- _Input records_:

========

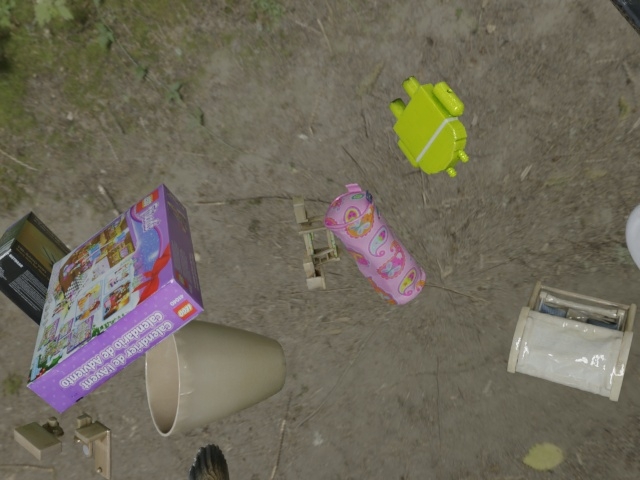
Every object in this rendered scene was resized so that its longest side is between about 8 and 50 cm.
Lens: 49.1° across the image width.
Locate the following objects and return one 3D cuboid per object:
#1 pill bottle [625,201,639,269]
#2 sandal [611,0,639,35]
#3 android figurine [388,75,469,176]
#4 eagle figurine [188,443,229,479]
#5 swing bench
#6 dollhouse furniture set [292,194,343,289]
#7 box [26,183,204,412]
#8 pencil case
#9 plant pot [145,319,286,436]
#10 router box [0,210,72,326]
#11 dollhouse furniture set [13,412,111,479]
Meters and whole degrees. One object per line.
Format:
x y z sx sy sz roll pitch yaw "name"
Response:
0.397 -0.044 0.638 0.221 0.124 0.124 -36 80 -19 "pill bottle"
0.520 -0.310 0.979 0.107 0.446 0.167 -46 51 34 "sandal"
0.285 -0.288 1.822 0.056 0.248 0.273 -20 65 -34 "android figurine"
-0.217 0.567 1.308 0.226 0.225 0.298 38 112 12 "eagle figurine"
0.619 0.238 1.716 0.253 0.255 0.165 13 111 23 "swing bench"
0.000 0.000 1.738 0.101 0.161 0.182 -10 126 1 "dollhouse furniture set"
-0.253 0.055 0.878 0.201 0.293 0.057 -36 119 4 "box"
0.119 0.013 1.489 0.124 0.124 0.284 -34 124 6 "pencil case"
-0.226 0.291 1.578 0.274 0.256 0.256 0 85 -29 "plant pot"
-0.553 0.106 1.490 0.081 0.243 0.309 -37 114 2 "router box"
-0.568 0.472 1.547 0.144 0.151 0.123 17 110 38 "dollhouse furniture set"

========

- _Problem to solve_: Could you set down the records above exactly, skipping any picture?

- _Solution to this task_:
Every object in this rendered scene was resized so that its longest side is between about 8 and 50 cm.
Lens: 49.1° across the image width.
Locate the following objects and return one 3D cuboid per object:
#1 pill bottle [625,201,639,269]
#2 sandal [611,0,639,35]
#3 android figurine [388,75,469,176]
#4 eagle figurine [188,443,229,479]
#5 swing bench
#6 dollhouse furniture set [292,194,343,289]
#7 box [26,183,204,412]
#8 pencil case
#9 plant pot [145,319,286,436]
#10 router box [0,210,72,326]
#11 dollhouse furniture set [13,412,111,479]
Meters and whole degrees. One object per line.
Format:
x y z sx sy sz roll pitch yaw "name"
Response:
0.397 -0.044 0.638 0.221 0.124 0.124 -36 80 -19 "pill bottle"
0.520 -0.310 0.979 0.107 0.446 0.167 -46 51 34 "sandal"
0.285 -0.288 1.822 0.056 0.248 0.273 -20 65 -34 "android figurine"
-0.217 0.567 1.308 0.226 0.225 0.298 38 112 12 "eagle figurine"
0.619 0.238 1.716 0.253 0.255 0.165 13 111 23 "swing bench"
0.000 0.000 1.738 0.101 0.161 0.182 -10 126 1 "dollhouse furniture set"
-0.253 0.055 0.878 0.201 0.293 0.057 -36 119 4 "box"
0.119 0.013 1.489 0.124 0.124 0.284 -34 124 6 "pencil case"
-0.226 0.291 1.578 0.274 0.256 0.256 0 85 -29 "plant pot"
-0.553 0.106 1.490 0.081 0.243 0.309 -37 114 2 "router box"
-0.568 0.472 1.547 0.144 0.151 0.123 17 110 38 "dollhouse furniture set"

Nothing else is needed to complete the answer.